Dataset dependency and scalability challenges: Multitask effects are not universally positive; gains depend on data size, endpoint relatedness, and weighting strategy. Computational complexity scales with task number, requiring efficient algorithms and architectural choices (Kearnes et al., 2016, Adrian et al., 14 Oct 2025, Ko et al., 3 May 2024).
Tailored approaches: Optimal model architecture, task aggregation, and side information inclusion must be adapted to each ADMET use-case, as evidenced by endpoint-specific trends and diminishing multitask returns (Kearnes et al., 2016).
Diagnostic insight and automated curriculum: Interpretable policy matrices (e.g., AIM) may enable automated grouping of synergistic endpoints and design of curricula for progressive multitask training (Minot et al., 30 Sep 2025).

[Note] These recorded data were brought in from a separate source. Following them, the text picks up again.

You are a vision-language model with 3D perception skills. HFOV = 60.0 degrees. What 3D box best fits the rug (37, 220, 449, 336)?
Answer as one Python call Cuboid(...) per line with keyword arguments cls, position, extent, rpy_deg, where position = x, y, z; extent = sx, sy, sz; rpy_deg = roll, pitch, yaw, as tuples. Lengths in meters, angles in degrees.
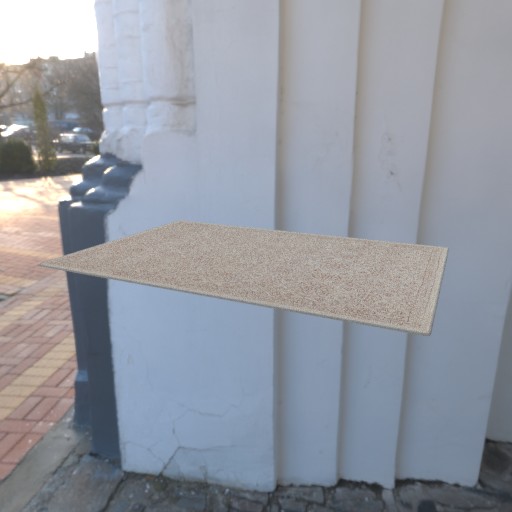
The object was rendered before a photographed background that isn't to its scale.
Cuboid(cls="rug", position=(0.000, 0.000, 2.342), extent=(1.829, 0.010, 1.219), rpy_deg=(7, 18, 24))
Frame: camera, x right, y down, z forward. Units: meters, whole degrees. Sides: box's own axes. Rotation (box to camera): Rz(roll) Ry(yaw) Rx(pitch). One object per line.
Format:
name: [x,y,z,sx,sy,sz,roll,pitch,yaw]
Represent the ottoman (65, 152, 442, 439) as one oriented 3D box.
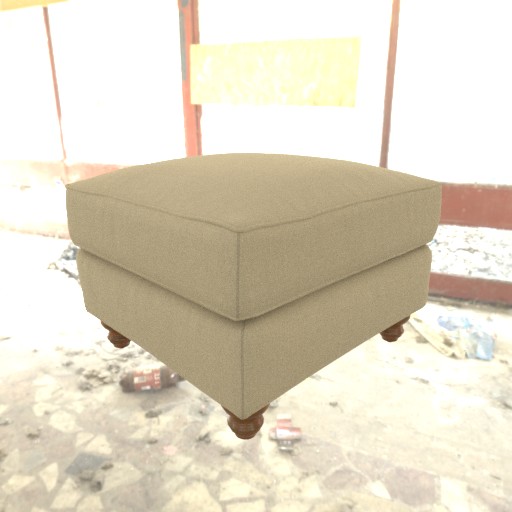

Benchmark evolution: Ongoing publication and expansion of multitask ADMET data splits will enable further advancement in benchmarking, generalization studies, and diagnostic tool development.

A plausible implication is that, despite sizable gains from multitask learning, future models must judiciously balance shared representation, endpoint selection, adaptive loss strategies, and computational efficiency to realize domain-resilient ADMET prediction in both academic and industrial settings.